Liverpool Sound and Vision Rating 8.5/10
Cast: Jessica Hoffman, Richard Dufty, Neil Johnson.
There will always hopefully be adaptations of William Shakespeare’s plays in one form or another, the 1960s television series The Forbidden Planet is one such form in which the son of Stratford play The Tempest has been looted and perhaps in some ways abused; it is the nature of things that great works, in some cases legendary, can either be taken down with a sense of cruel irony or, as in the case of This Last Tempest, just enhance what has gone before.

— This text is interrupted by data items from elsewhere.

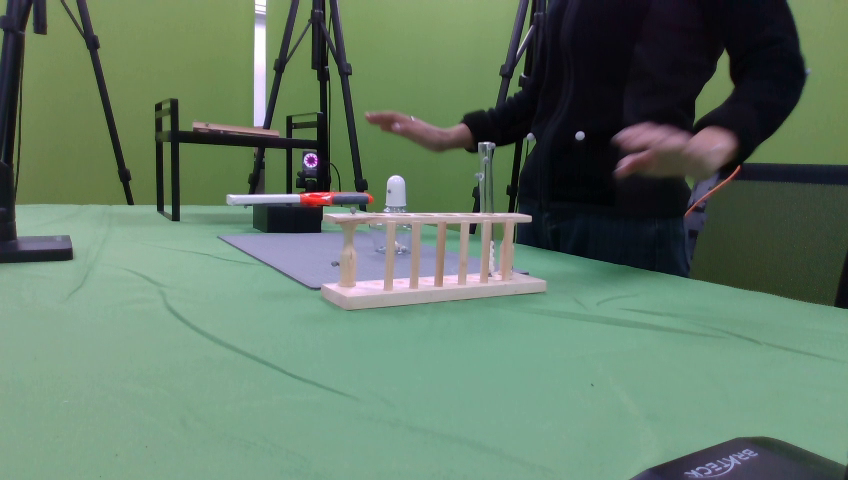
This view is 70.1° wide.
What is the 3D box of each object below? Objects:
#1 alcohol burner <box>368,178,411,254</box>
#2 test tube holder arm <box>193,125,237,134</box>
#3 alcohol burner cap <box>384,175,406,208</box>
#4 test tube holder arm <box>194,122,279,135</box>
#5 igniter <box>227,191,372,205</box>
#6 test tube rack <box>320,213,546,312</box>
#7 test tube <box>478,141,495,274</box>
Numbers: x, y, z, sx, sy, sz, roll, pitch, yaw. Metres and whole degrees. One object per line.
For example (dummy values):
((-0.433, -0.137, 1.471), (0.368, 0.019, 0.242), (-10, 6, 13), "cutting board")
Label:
((-0.045, -0.038, 0.913), (0.078, 0.119, 0.078), (5, 7, 0), "alcohol burner")
((-0.443, -0.235, 1.284), (0.088, 0.015, 0.010), (-2, -21, -28), "test tube holder arm")
((-0.044, -0.074, 0.908), (0.034, 0.048, 0.034), (0, 12, 0), "alcohol burner cap")
((-0.401, -0.238, 1.301), (0.179, 0.015, 0.013), (-2, -21, -29), "test tube holder arm")
((-0.232, -0.080, 1.161), (0.278, 0.025, 0.057), (-3, 12, -28), "igniter")
((0.017, 0.017, 0.638), (0.244, 0.085, 0.066), (-2, 9, -31), "test tube rack")
((0.071, -0.036, 0.683), (0.017, 0.150, 0.017), (-2, 8, 1), "test tube")
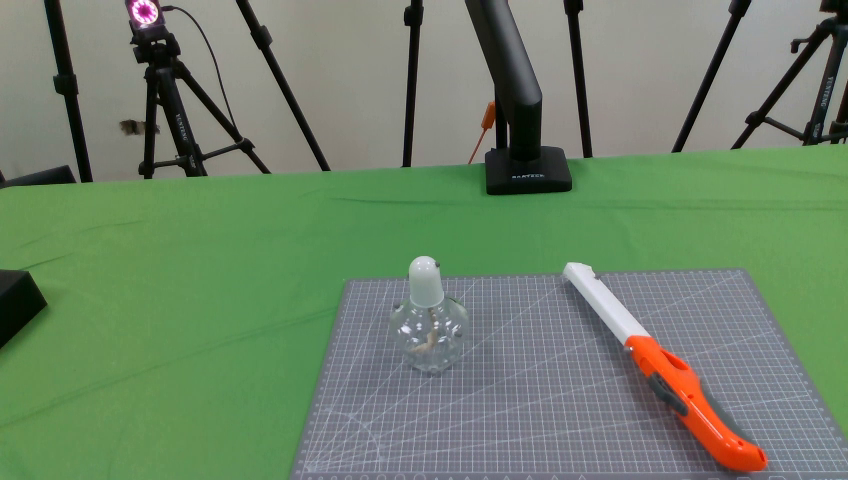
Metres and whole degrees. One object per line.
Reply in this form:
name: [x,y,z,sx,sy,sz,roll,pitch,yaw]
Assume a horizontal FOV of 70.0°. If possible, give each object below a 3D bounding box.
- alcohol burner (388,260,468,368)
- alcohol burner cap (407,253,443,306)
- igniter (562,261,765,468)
alcohol burner: [0.003,0.063,0.571,0.078,0.120,0.077,-2,36,2]
alcohol burner cap: [0.000,0.033,0.551,0.034,0.048,0.033,-2,38,2]
igniter: [0.205,0.099,0.561,0.057,0.025,0.273,7,27,-22]
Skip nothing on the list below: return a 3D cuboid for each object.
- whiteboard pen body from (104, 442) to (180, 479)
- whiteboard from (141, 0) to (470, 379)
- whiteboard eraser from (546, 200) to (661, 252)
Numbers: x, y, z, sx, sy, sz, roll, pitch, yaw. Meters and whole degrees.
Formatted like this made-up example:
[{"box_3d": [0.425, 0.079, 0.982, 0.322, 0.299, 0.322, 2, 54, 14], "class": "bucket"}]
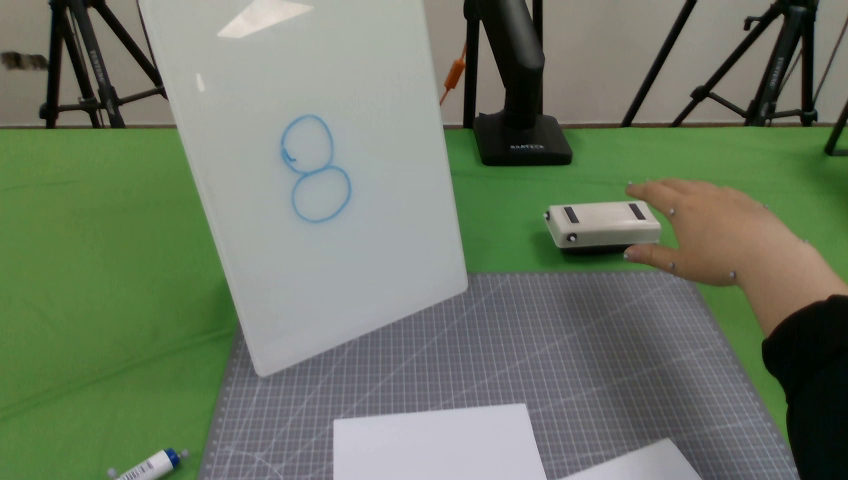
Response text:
[{"box_3d": [-0.233, 0.180, 0.407, 0.141, 0.017, 0.017, -28, 48, -34], "class": "whiteboard pen body"}, {"box_3d": [-0.103, -0.073, 0.553, 0.218, 0.307, 0.142, -20, 24, -24], "class": "whiteboard"}, {"box_3d": [0.194, -0.015, 0.658, 0.113, 0.042, 0.055, -2, 41, -7], "class": "whiteboard eraser"}]
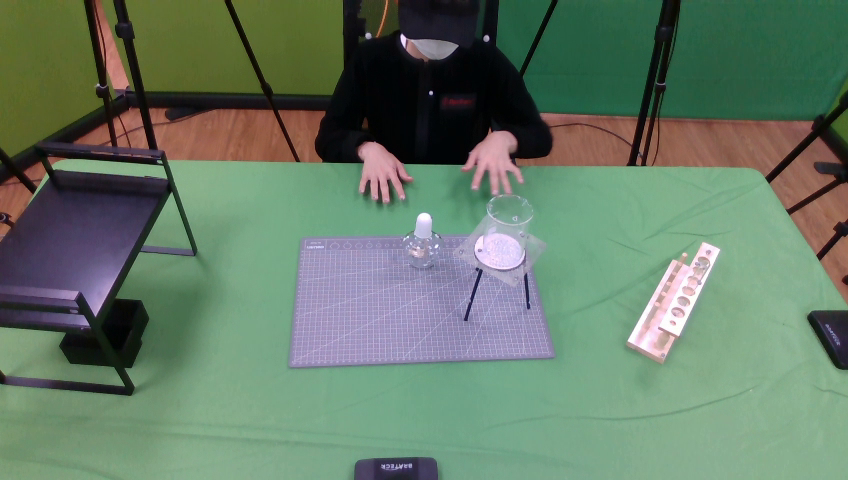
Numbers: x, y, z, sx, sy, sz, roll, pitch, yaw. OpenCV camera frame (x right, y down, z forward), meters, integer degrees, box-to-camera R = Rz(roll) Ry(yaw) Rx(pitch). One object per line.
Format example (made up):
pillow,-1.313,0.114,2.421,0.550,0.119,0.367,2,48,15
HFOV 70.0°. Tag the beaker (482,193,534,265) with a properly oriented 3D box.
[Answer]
beaker,0.135,-0.016,0.979,0.073,0.101,0.084,35,52,28

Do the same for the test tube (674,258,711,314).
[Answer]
test tube,0.456,0.082,1.033,0.017,0.151,0.017,0,51,1

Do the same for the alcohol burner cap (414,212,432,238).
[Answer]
alcohol burner cap,0.000,-0.030,1.107,0.034,0.048,0.033,4,41,-3

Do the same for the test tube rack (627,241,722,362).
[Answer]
test tube rack,0.452,0.098,1.087,0.066,0.085,0.242,28,51,22

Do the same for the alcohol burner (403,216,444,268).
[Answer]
alcohol burner,-0.001,-0.004,1.132,0.078,0.120,0.077,1,46,0

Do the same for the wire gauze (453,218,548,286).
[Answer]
wire gauze,0.129,0.014,1.018,0.124,0.011,0.121,26,47,25

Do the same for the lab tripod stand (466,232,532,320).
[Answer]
lab tripod stand,0.125,0.059,1.065,0.148,0.132,0.147,1,45,0

This Last Tempest is refreshingly simple and yet overwhelmingly and crushingly superb. It gives the audience that rare moment from story-telling, the chance to see what happens when the main body of work is over. In this case after Prospero and Miranda sail back for home, leaving the misshapen and abused Caliban and the sprite Ariel to digest and understand all that they have gone through and how they will now react to the sudden freedom imposed on them by Prospero’s departure.
Where This Last Tempest succeeds in absolute droves, aside from the spectral themes and unearthly like quality of the set, is to bring home the point succinctly and with great acting ability is the thought that violence and cruelty meted out is soon returned by the victim of such abuse further down the chain. The relationship of Ariel and Caliban is changed and the way that the company have put across the idea of what spiteful maliciousness means arguably puts the audience’s minds to what happens when independence is gained, be it in the form of personal freedom or in the wider context of a nation coming to terms with its own past in its political struggle. When the person you hate has left suddenly, where does that spiteful anger, which is still there burning away, go? It quickly turns inwards and against those which at one time may have been allies in the fight against vicious oppression.

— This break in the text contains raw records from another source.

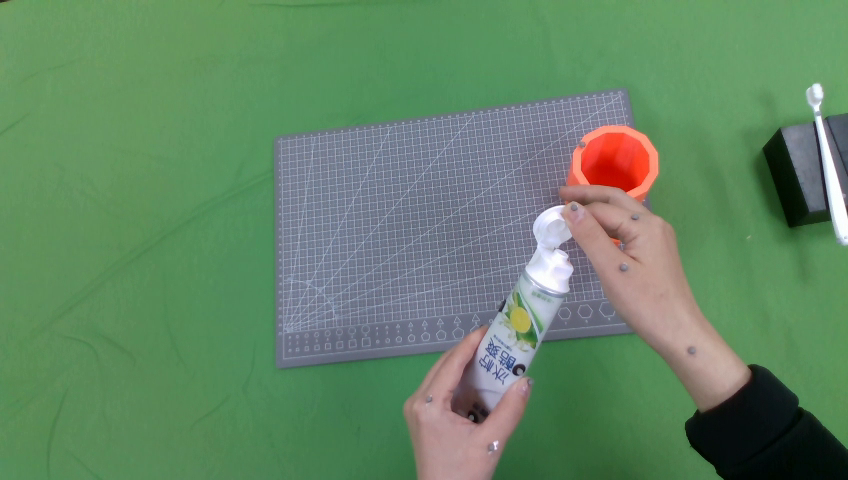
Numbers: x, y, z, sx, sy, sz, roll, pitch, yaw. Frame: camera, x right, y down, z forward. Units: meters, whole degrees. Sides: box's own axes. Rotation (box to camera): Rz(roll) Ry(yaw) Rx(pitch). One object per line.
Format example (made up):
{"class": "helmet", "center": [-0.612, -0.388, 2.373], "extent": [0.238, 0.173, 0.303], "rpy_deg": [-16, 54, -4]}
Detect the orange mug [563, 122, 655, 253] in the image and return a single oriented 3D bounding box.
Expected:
{"class": "orange mug", "center": [0.198, -0.053, 0.660], "extent": [0.083, 0.101, 0.125], "rpy_deg": [1, 69, 8]}

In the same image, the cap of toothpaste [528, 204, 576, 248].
{"class": "cap of toothpaste", "center": [0.092, -0.010, 0.431], "extent": [0.037, 0.038, 0.011], "rpy_deg": [-21, 43, 1]}

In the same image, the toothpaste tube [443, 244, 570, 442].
{"class": "toothpaste tube", "center": [0.062, 0.074, 0.454], "extent": [0.054, 0.035, 0.165], "rpy_deg": [40, 117, 36]}

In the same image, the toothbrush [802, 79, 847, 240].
{"class": "toothbrush", "center": [0.421, -0.088, 0.635], "extent": [0.014, 0.017, 0.181], "rpy_deg": [-1, 74, 4]}
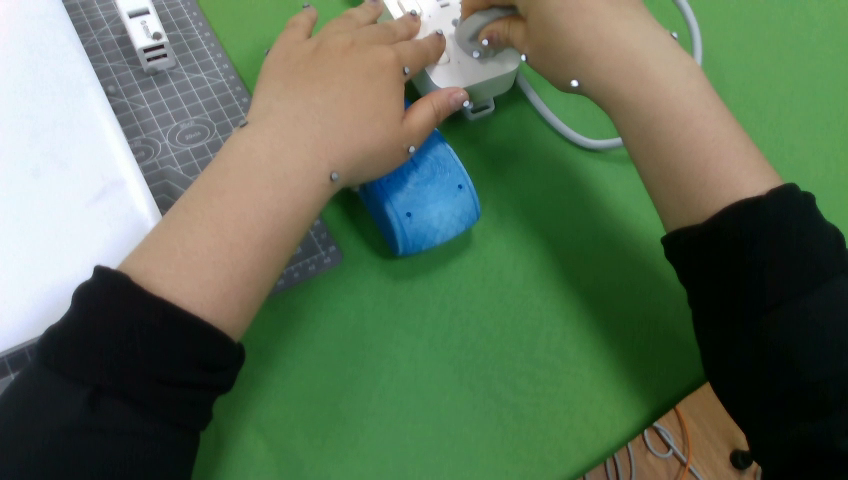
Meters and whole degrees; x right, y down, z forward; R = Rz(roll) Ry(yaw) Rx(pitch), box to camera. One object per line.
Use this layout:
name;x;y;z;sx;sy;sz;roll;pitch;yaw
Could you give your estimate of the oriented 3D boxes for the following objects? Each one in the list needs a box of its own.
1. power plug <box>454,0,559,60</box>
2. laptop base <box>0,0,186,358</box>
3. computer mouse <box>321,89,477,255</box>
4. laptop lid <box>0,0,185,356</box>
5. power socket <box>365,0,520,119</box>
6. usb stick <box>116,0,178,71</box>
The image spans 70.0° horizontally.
power plug;0.056;-0.138;0.417;0.073;0.053;0.035;0;60;-20
laptop base;-0.337;-0.005;0.312;0.355;0.023;0.234;-25;76;-20
computer mouse;-0.017;-0.048;0.379;0.063;0.041;0.116;-24;68;-15
laptop lid;-0.334;-0.008;0.302;0.357;0.013;0.240;-24;75;-19
power socket;-0.008;-0.188;0.445;0.072;0.033;0.225;-22;72;-17
usb stick;-0.182;-0.141;0.394;0.021;0.027;0.058;-23;70;-16
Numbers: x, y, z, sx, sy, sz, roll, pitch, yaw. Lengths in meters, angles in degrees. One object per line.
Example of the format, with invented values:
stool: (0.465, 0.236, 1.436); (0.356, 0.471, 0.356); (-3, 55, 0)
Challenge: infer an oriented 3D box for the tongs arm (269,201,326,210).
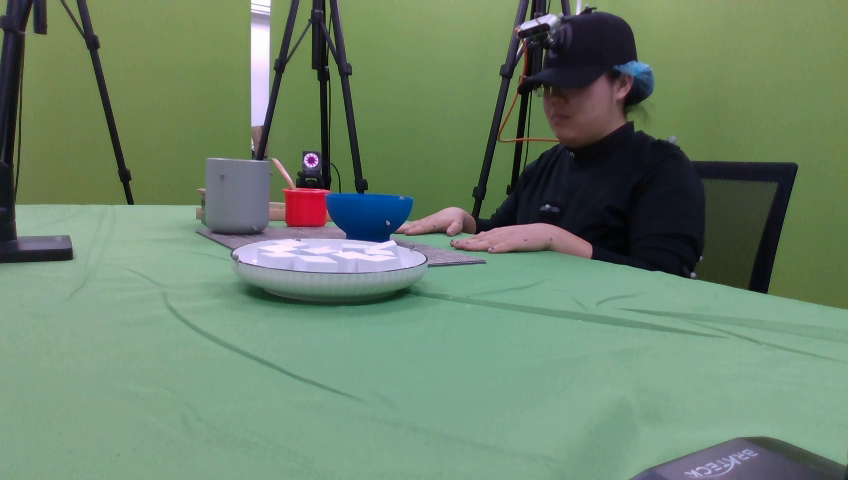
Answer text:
tongs arm: (-0.308, -0.072, 1.410); (0.386, 0.026, 0.050); (3, 8, -6)

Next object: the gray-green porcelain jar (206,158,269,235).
gray-green porcelain jar: (-0.322, -0.076, 1.048); (0.106, 0.126, 0.106); (3, 7, 0)

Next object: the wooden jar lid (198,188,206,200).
wooden jar lid: (-0.382, -0.088, 1.175); (0.108, 0.020, 0.108); (3, 8, 0)

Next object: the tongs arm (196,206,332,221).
tongs arm: (-0.294, -0.057, 1.330); (0.389, 0.028, 0.028); (0, 5, -20)

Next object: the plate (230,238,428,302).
plate: (-0.099, 0.032, 0.651); (0.209, 0.038, 0.209); (3, 8, 0)

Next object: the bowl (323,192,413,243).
bowl: (-0.094, -0.037, 1.015); (0.151, 0.077, 0.151); (3, 7, 0)

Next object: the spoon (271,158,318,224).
spoon: (-0.268, -0.103, 1.236); (0.042, 0.021, 0.193); (-9, 58, -40)

The collaboration between Fuel and The Uninvited Guests has produced something truly magical and raised a thought on the very nature of cruelty, is it inherent in us all or is it learned? This Last Tempest quite rightly doesn’t offer a solution but has the audience thinking about one of the very base emotions that plagues humanity, that of post-cruelty revenge.
This Last Tempest is a beast of a production and yet contained so well within a 75 minute time frame. The performances by Jessica Hoffman as the spirit Ariel and Richard Dufty as the tortured Caliban are an absolute knock out and the music provided by Neil Johnson fits perfectly with the rage of oppression superbly well.
This Last Tempest is a perfect starter to the Unity Theatre’s spring season, dramatic, exposing, full of bitterness, recrimination and ultimately destruction, arguably a challenge to write and yet captured wonderfully. It would have possibly remained a hidden gem but some things are too accomplished to lock away out of sight.